There are certain limitations to the results discussed as well as issues discovered during our study that we suggest be considered in subsequent experiments. We found that noise recorded in the ear was strongly dependent on the placement of the microphone in the subject’s ear. This is likely due to the variances in ear canal shape and the limitations of using a cylindrical earplug and rigid microphone. It is also important to note that a more thorough study should also have considered normalizations involved with inter-subject variance in the physical characteristics of the ear and nose to account for differences in ear canal shape, nose length, and various other factors. These factors were not considered in this pilot study.
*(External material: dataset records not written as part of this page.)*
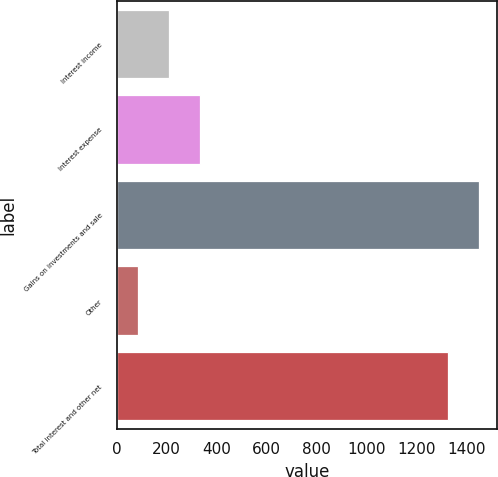<chart> <loc_0><loc_0><loc_500><loc_500><bar_chart><fcel>Interest income<fcel>Interest expense<fcel>Gains on investments and sale<fcel>Other<fcel>Total interest and other net<nl><fcel>209<fcel>335<fcel>1452<fcel>83<fcel>1326<nl></chart> 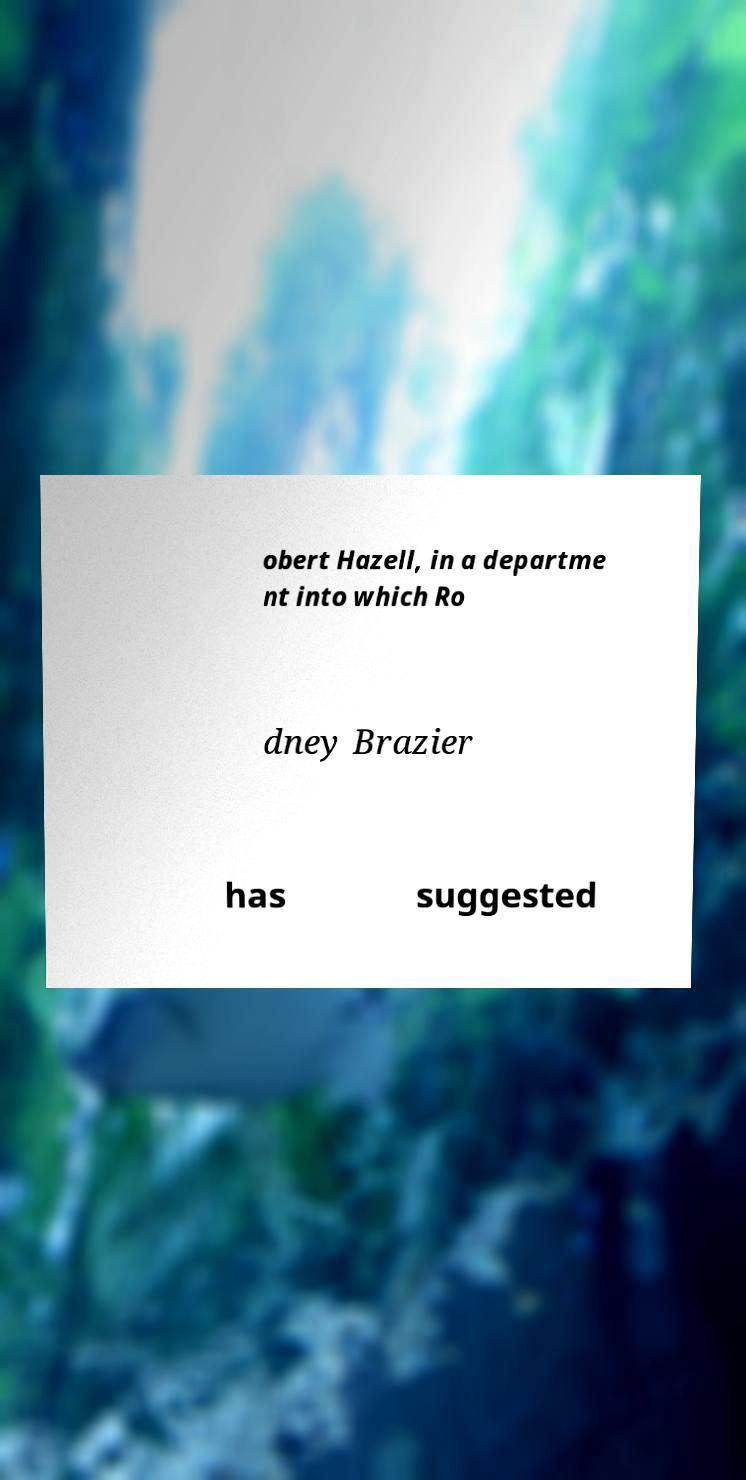Please read and relay the text visible in this image. What does it say? obert Hazell, in a departme nt into which Ro dney Brazier has suggested 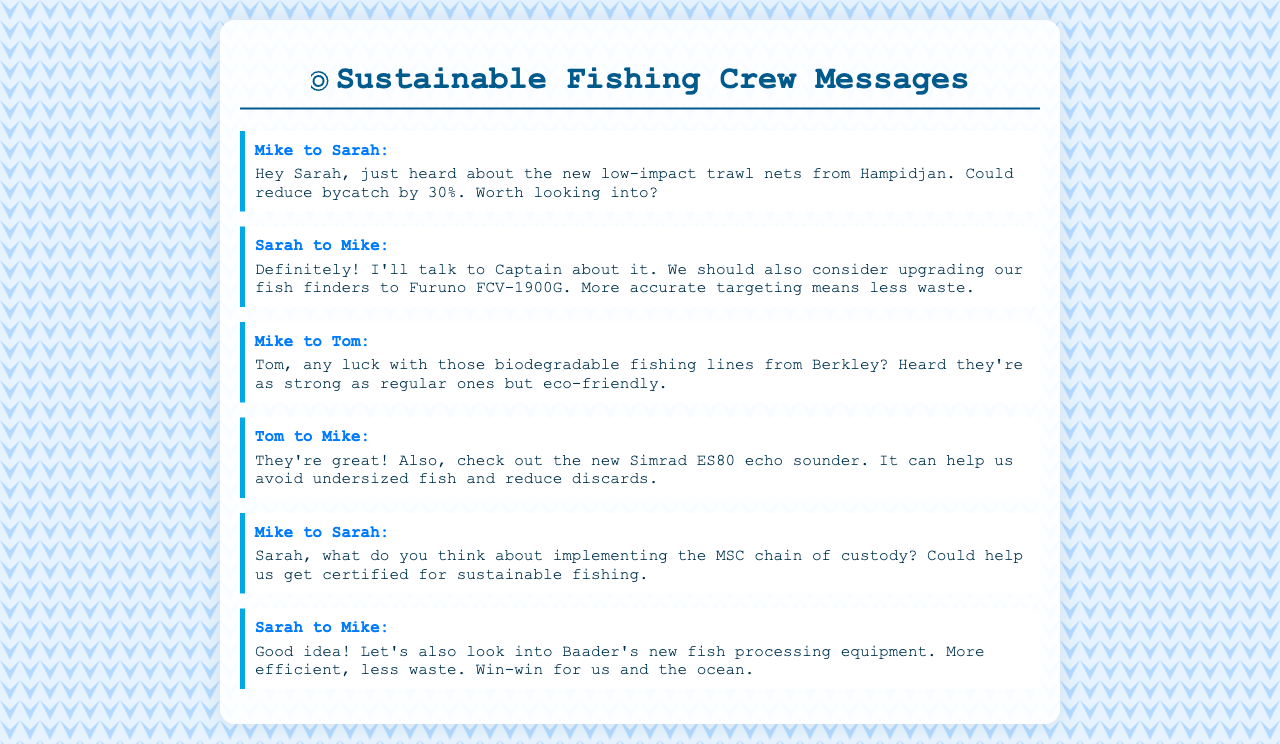what new fishing equipment is mentioned? Mike mentions new low-impact trawl nets from Hampidjan to reduce bycatch and Sarah suggests upgrading to Furuno FCV-1900G fish finders.
Answer: low-impact trawl nets, Furuno FCV-1900G who talks about biodegradable fishing lines? Mike asks Tom about the biodegradable fishing lines from Berkley and Tom responds positively.
Answer: Tom what percentage can bycatch be reduced by the new trawl nets? Mike states that the new low-impact trawl nets could reduce bycatch by 30%.
Answer: 30% what is the suggested new echo sounder? Tom recommends the new Simrad ES80 echo sounder.
Answer: Simrad ES80 what certification does Mike propose implementing? Mike suggests implementing the MSC chain of custody for sustainable fishing certification.
Answer: MSC chain of custody which company’s fish processing equipment did Sarah mention? Sarah mentions looking into Baader's new fish processing equipment.
Answer: Baader what is the main topic of the crew messages? The crew messages focus on discussing sustainable fishing practices and equipment upgrades.
Answer: sustainable fishing practices how does Sarah describe the potential of new fish processing equipment? Sarah refers to the new equipment as more efficient and leads to less waste.
Answer: more efficient, less waste 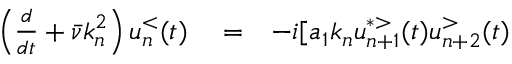<formula> <loc_0><loc_0><loc_500><loc_500>\begin{array} { r l r } { \left ( \frac { d } { d t } + \bar { \nu } k _ { n } ^ { 2 } \right ) u _ { n } ^ { < } ( t ) } & = } & { - i [ a _ { 1 } k _ { n } u _ { n + 1 } ^ { * > } ( t ) u _ { n + 2 } ^ { > } ( t ) } \end{array}</formula> 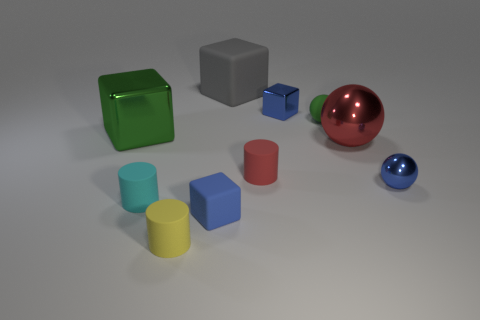Are there any other things that have the same color as the large matte thing?
Offer a terse response. No. The yellow cylinder has what size?
Provide a succinct answer. Small. There is a metal object right of the large red object; how big is it?
Make the answer very short. Small. There is a blue cube that is behind the small metallic sphere; does it have the same size as the metal block left of the tiny yellow rubber cylinder?
Offer a very short reply. No. The tiny metallic sphere has what color?
Ensure brevity in your answer.  Blue. There is a green matte ball; are there any small blue spheres in front of it?
Offer a very short reply. Yes. Does the tiny metal sphere have the same color as the small metal cube?
Provide a succinct answer. Yes. How many large metallic objects have the same color as the large matte cube?
Offer a terse response. 0. What is the size of the metal block that is on the left side of the big thing behind the tiny green matte ball?
Offer a very short reply. Large. The green metal object has what shape?
Provide a succinct answer. Cube. 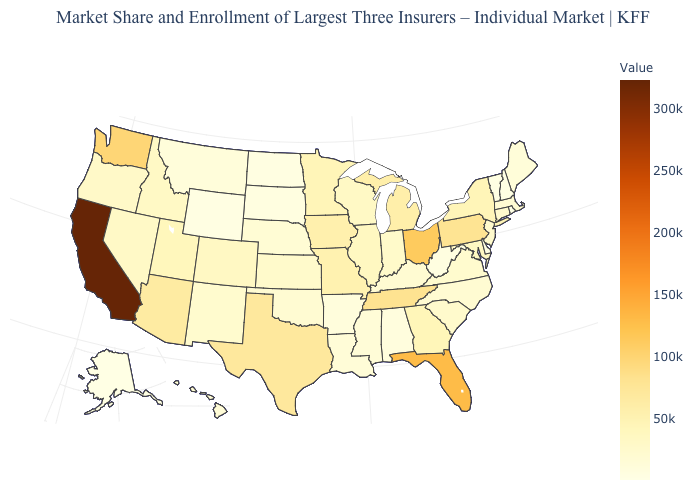Which states hav the highest value in the South?
Answer briefly. Florida. Which states have the lowest value in the USA?
Be succinct. Rhode Island. Does Washington have a higher value than Alaska?
Quick response, please. Yes. Among the states that border Arizona , does California have the lowest value?
Keep it brief. No. Does Georgia have a higher value than Rhode Island?
Give a very brief answer. Yes. Does Ohio have the highest value in the MidWest?
Quick response, please. Yes. Among the states that border Wyoming , which have the lowest value?
Concise answer only. South Dakota. Which states hav the highest value in the South?
Give a very brief answer. Florida. 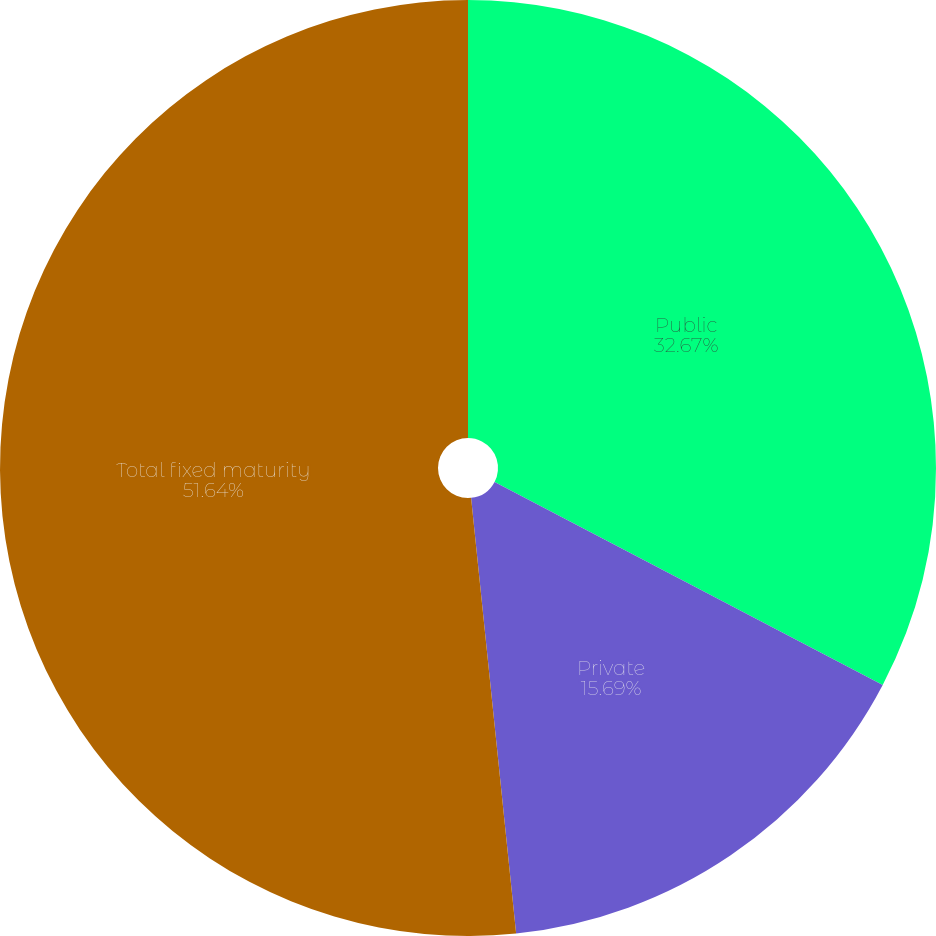Convert chart to OTSL. <chart><loc_0><loc_0><loc_500><loc_500><pie_chart><fcel>Public<fcel>Private<fcel>Total fixed maturity<nl><fcel>32.67%<fcel>15.69%<fcel>51.64%<nl></chart> 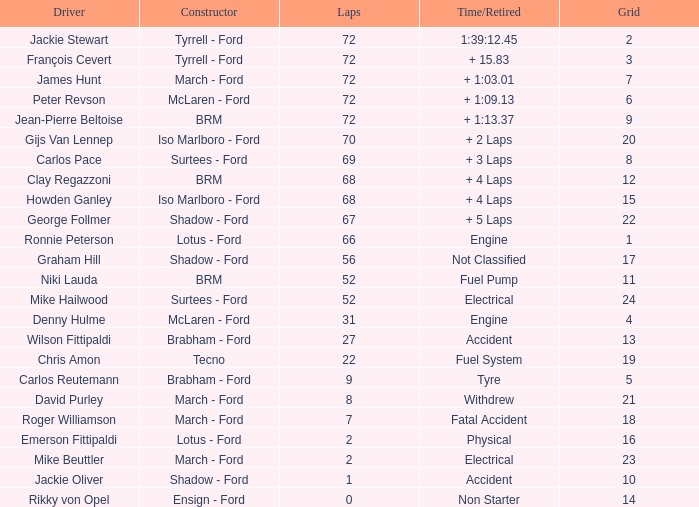What is the foremost lap that had a tyre period? 9.0. 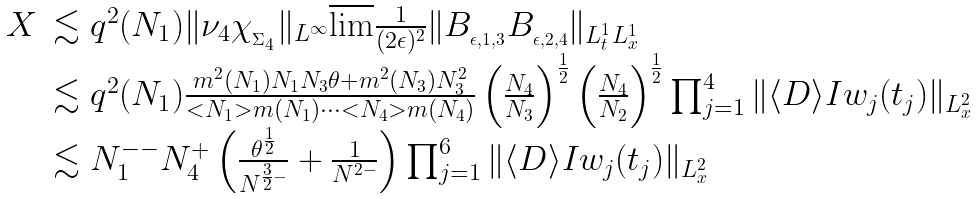Convert formula to latex. <formula><loc_0><loc_0><loc_500><loc_500>\begin{array} { l l } X & \lesssim q ^ { 2 } ( N _ { 1 } ) \| \nu _ { 4 } \chi _ { _ { \Sigma _ { 4 } } } \| _ { L ^ { \infty } } \overline { \lim } \frac { 1 } { ( 2 \epsilon ) ^ { 2 } } \| B _ { _ { \epsilon , 1 , 3 } } B _ { _ { \epsilon , 2 , 4 } } \| _ { L ^ { 1 } _ { t } L ^ { 1 } _ { x } } \\ & \lesssim q ^ { 2 } ( N _ { 1 } ) \frac { m ^ { 2 } ( N _ { 1 } ) N _ { 1 } N _ { 3 } \theta + m ^ { 2 } ( N _ { 3 } ) N _ { 3 } ^ { 2 } } { < N _ { 1 } > m ( N _ { 1 } ) \dots < N _ { 4 } > m ( N _ { 4 } ) } \left ( \frac { N _ { 4 } } { N _ { 3 } } \right ) ^ { \frac { 1 } { 2 } } \left ( \frac { N _ { 4 } } { N _ { 2 } } \right ) ^ { \frac { 1 } { 2 } } \prod _ { j = 1 } ^ { 4 } \| \langle D \rangle I w _ { j } ( t _ { j } ) \| _ { L _ { x } ^ { 2 } } \\ & \lesssim N _ { 1 } ^ { - - } N _ { 4 } ^ { + } \left ( \frac { \theta ^ { \frac { 1 } { 2 } } } { N ^ { \frac { 3 } { 2 } - } } + \frac { 1 } { N ^ { 2 - } } \right ) \prod _ { j = 1 } ^ { 6 } \| \langle D \rangle I w _ { j } ( t _ { j } ) \| _ { L _ { x } ^ { 2 } } \end{array}</formula> 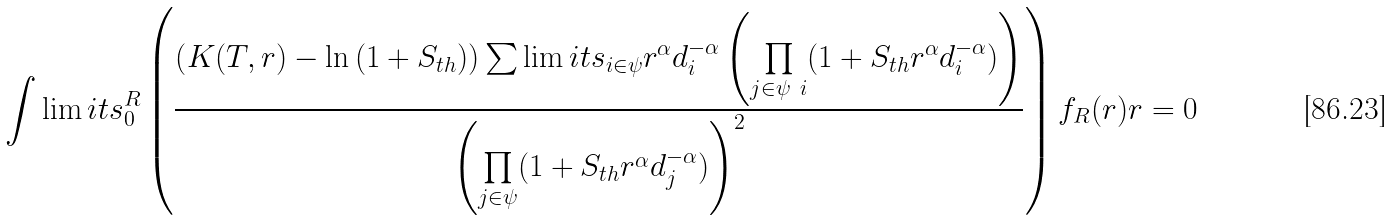<formula> <loc_0><loc_0><loc_500><loc_500>\int \lim i t s _ { 0 } ^ { R } \left ( \frac { \left ( K ( T , r ) - \ln { ( 1 + S _ { t h } ) } \right ) \sum \lim i t s _ { i \in \psi } r ^ { \alpha } d _ { i } ^ { - \alpha } \left ( \underset { j \in \psi \ i } \prod { ( 1 + S _ { t h } r ^ { \alpha } d _ { i } ^ { - \alpha } } ) \right ) } { \left ( \underset { j \in \psi } \prod { ( 1 + S _ { t h } r ^ { \alpha } d _ { j } ^ { - \alpha } ) } \right ) ^ { 2 } } \right ) f _ { R } ( r ) r = 0</formula> 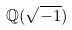Convert formula to latex. <formula><loc_0><loc_0><loc_500><loc_500>\mathbb { Q } ( \sqrt { - 1 } )</formula> 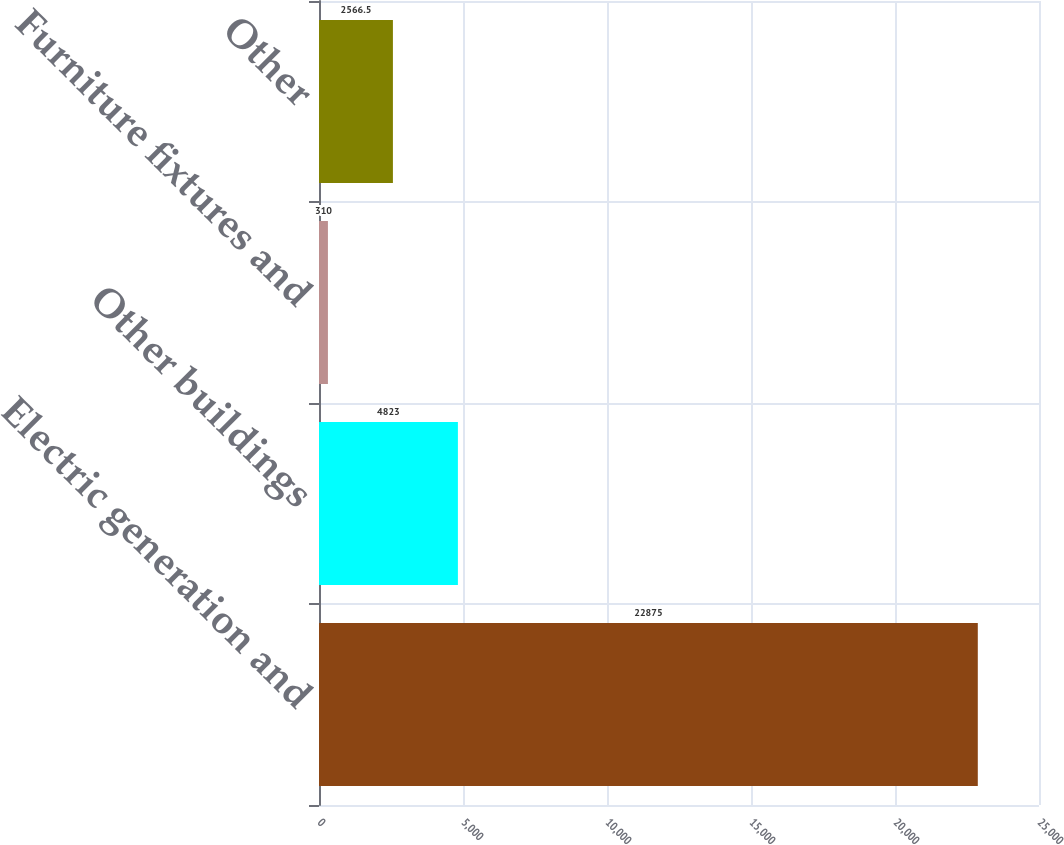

We also wish to stress that due to the small sample size used and the nature of this being a pilot study we chose to observe strong visual trends in the data as opposed to calculating precise numerical values whose accuracy and statistical significance could not be guaranteed.

4 Conclusion

In accordance with the objective of this study, we found that recording swallowing and breathing sounds at the ear or nose may be used as alternative recording site as to trachea depending on the goal of acoustical swallowing assessment. If the goal is identifying people with dysphagia in general, the recording site cannot be used interchangeably between the subjects. On the other hand, if the goal is only to detect the swallows with aspiration within a dysphagic patient, the ear and nose sites may be used as an alternative recording site to trachea in case of a patient having loose skin over the neck. In summary, direct comparisons of swallowing sounds recorded at different sites are not recommended. However, recording swallowing sounds at the ear or nose in cases where tracheal recordings cannot be used is certainly viable for low-frequency breath sound analysis for use of aspiration detection for a dysphagic patient.